4. Custom SSL Context Configuration
For more control over SSL configuration, let’s create a custom context with the help of Apache HTTP SSLContextBuilder for use in our Jersey Client:
@Test
void whenUsingCustomSSLContext_thenCorrectCertificateUsed() {
SSLContext sslContext = SSLContextBuilder.create()
.loadTrustMaterial(Paths.get(CERTS_DIR + "/trust.api.service.p12"), PASSWORD)
.build();
// ...
}First, we call loadTrustMaterial() to load the truststore containing trusted certificates. Then, we reference the SSL context in Jersey’s ClientBuilder:
Client client = ClientBuilder.newBuilder()
.sslContext(sslContext)
.build();Finally, the sslContext() method lets us explicitly set the SSL context for this client, which affects all requests made with it:
Response response = client
.target("https://api.service:8080/test")
.request()
.get();
assertEquals(200, response.getStatus());The main advantage is fine-grained control over SSL configuration, which can be configured differently for different endpoints.
5. Mutual TLS (mTLS) Authentication
If mutual TLS authentication is enabled on the server side, both the client and server must present certificates for authentication.

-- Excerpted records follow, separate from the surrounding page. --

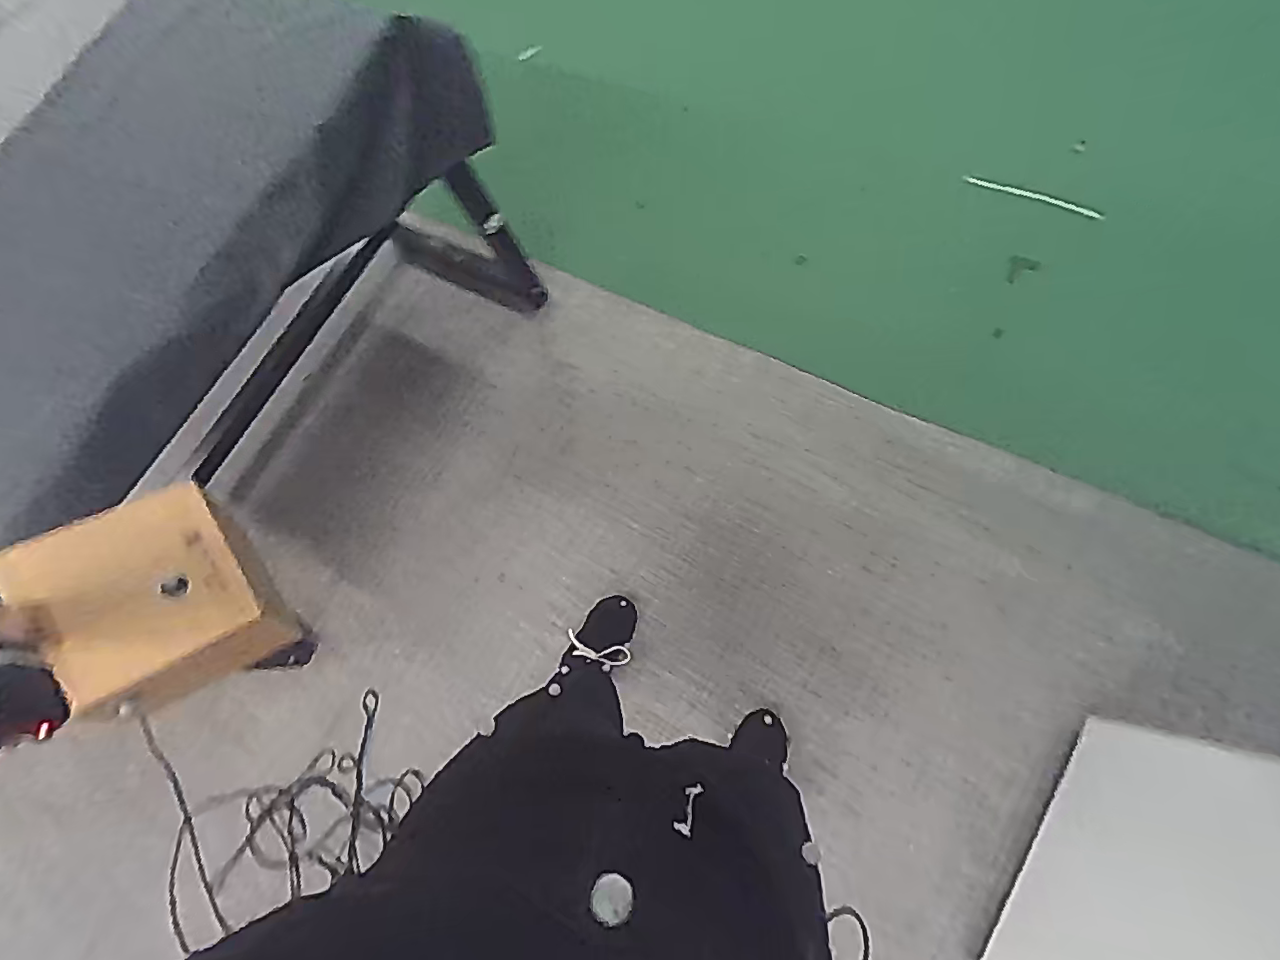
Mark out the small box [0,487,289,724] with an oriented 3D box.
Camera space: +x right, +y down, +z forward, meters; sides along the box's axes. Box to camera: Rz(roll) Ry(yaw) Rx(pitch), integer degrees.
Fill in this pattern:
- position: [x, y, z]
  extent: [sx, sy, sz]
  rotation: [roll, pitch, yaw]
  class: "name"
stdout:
- position: [-0.510, 0.134, 0.580]
  extent: [0.176, 0.179, 0.168]
  rotation: [-30, 82, -29]
  class: "small box"
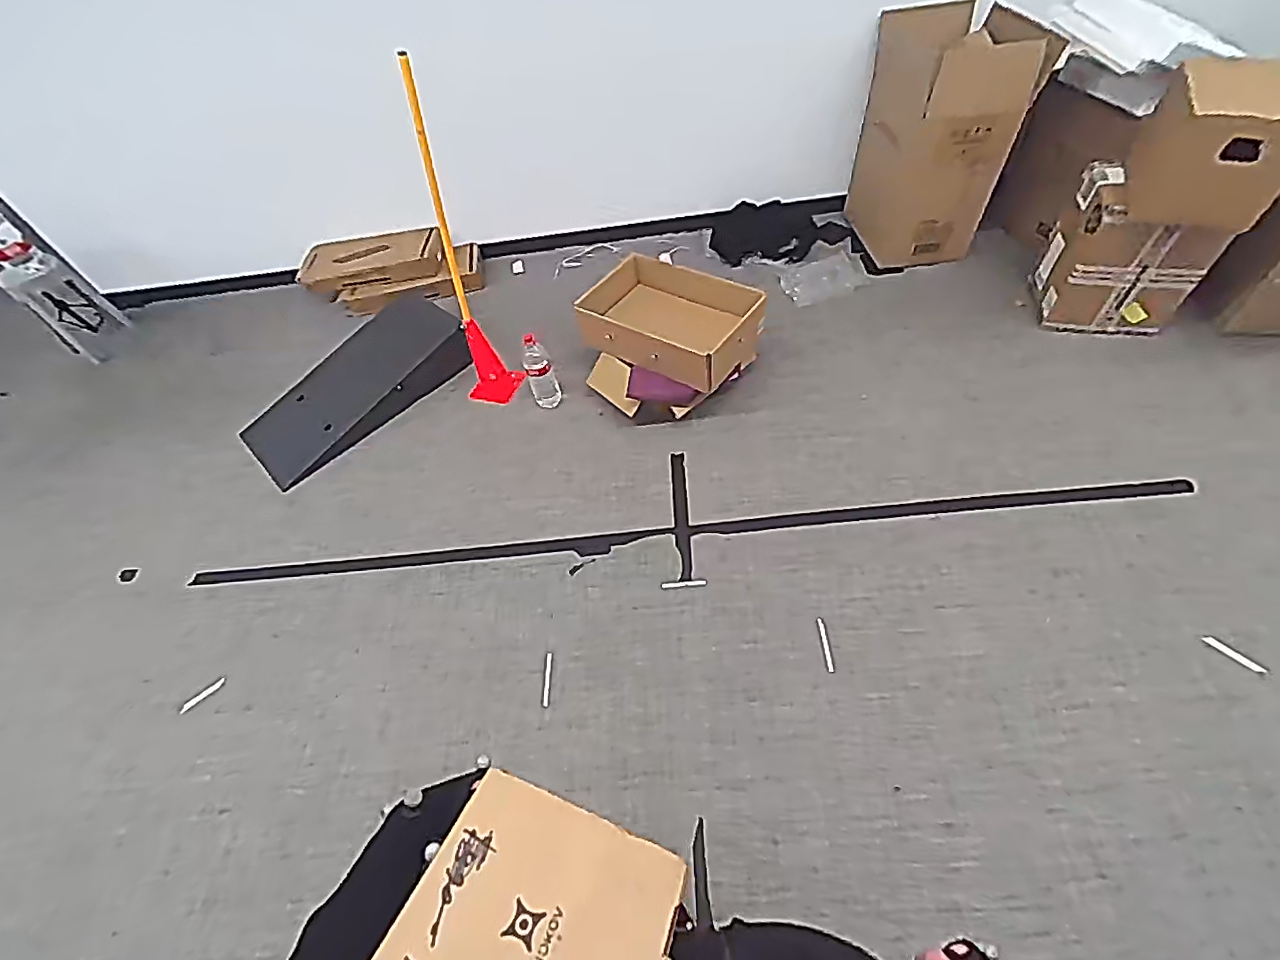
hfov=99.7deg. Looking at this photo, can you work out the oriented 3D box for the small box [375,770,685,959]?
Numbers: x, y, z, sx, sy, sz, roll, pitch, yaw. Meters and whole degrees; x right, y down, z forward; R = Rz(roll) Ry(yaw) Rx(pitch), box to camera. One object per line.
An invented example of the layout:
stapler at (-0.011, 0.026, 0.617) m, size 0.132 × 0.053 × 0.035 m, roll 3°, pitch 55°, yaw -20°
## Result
small box at (-0.085, 0.371, 0.415) m, size 0.179 × 0.176 × 0.168 m, roll 20°, pitch 36°, yaw 11°

This provides stronger security by ensuring both parties are authenticated. Let’s see what our setup looks like when the endpoint we need to connect to requires client authentication:
@Test
void whenUsingMutualTLS_thenCorrectCertificateUsed() {
char[] password = PASSWORD.toCharArray();
SSLContext sslContext = SSLContextBuilder.create()
.loadTrustMaterial(Paths.get(CERTS_DIR + "/trust.api.service.p12"), password)
.loadKeyMaterial(Paths.get(CERTS_DIR + "/client.api.service.p12"), password, password)
.build();
Client client = ClientBuilder.newBuilder()
.sslContext(sslContext)
.build();
Response response = client
.target("https://api.service:8080/test")
.request()
.get();
assertEquals(200, response.getStatus());
}The only difference in this approach is setting loadKeyMaterial(), which loads the client certificate and private key for client authentication.
6. Conclusion
In this article, we’ve explored different approaches to configuring HTTPS with Jersey Client, ranging from simple JVM Parameters to mutual TLS, which offers maximum security with bidirectional authentication. Most importantly, Jersey Client provides the flexibility to handle these different scenarios effectively.